** Opening Data for the task block **
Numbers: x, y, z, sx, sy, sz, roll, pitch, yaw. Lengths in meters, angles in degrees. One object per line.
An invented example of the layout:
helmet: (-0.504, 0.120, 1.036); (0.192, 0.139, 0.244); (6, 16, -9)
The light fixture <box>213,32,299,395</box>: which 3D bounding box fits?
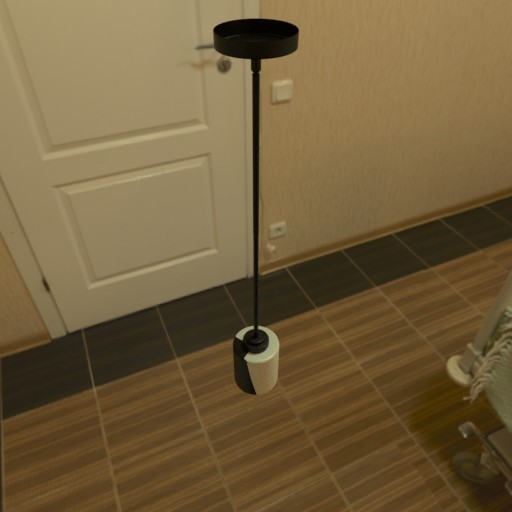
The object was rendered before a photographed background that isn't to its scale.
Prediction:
light fixture: (0.000, 0.000, 0.919); (0.123, 0.863, 0.123); (26, 47, 27)
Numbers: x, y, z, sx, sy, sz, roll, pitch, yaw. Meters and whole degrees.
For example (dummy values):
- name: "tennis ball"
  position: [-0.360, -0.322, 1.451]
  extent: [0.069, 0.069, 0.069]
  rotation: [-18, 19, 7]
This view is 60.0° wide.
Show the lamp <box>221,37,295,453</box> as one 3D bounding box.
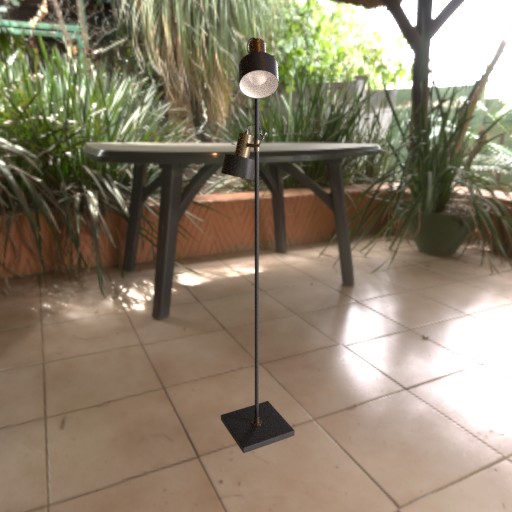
** Closing Data for the task block **
§ Assignment:
With the images omitted, repeat all the data word for word.

§ Output for this exercise:
Numbers: x, y, z, sx, sy, sz, roll, pitch, yaw. Lengths in meters, angles in degrees. One object per line.
An invented example of the layout:
helmet: (-0.504, 0.120, 1.036); (0.192, 0.139, 0.244); (6, 16, -9)
The light fixture <box>213,32,299,395</box>: which 3D bounding box fits?
The object was rendered before a photographed background that isn't to its scale.
Prediction:
light fixture: (0.000, 0.000, 0.919); (0.123, 0.863, 0.123); (26, 47, 27)
Numbers: x, y, z, sx, sy, sz, roll, pitch, yaw. Meters and whole degrees.
For example (dummy values):
- name: "tennis ball"
  position: [-0.360, -0.322, 1.451]
  extent: [0.069, 0.069, 0.069]
  rotation: [-18, 19, 7]
This view is 60.0° wide.
Show the lamp <box>221,37,295,453</box> as one 3D bounding box.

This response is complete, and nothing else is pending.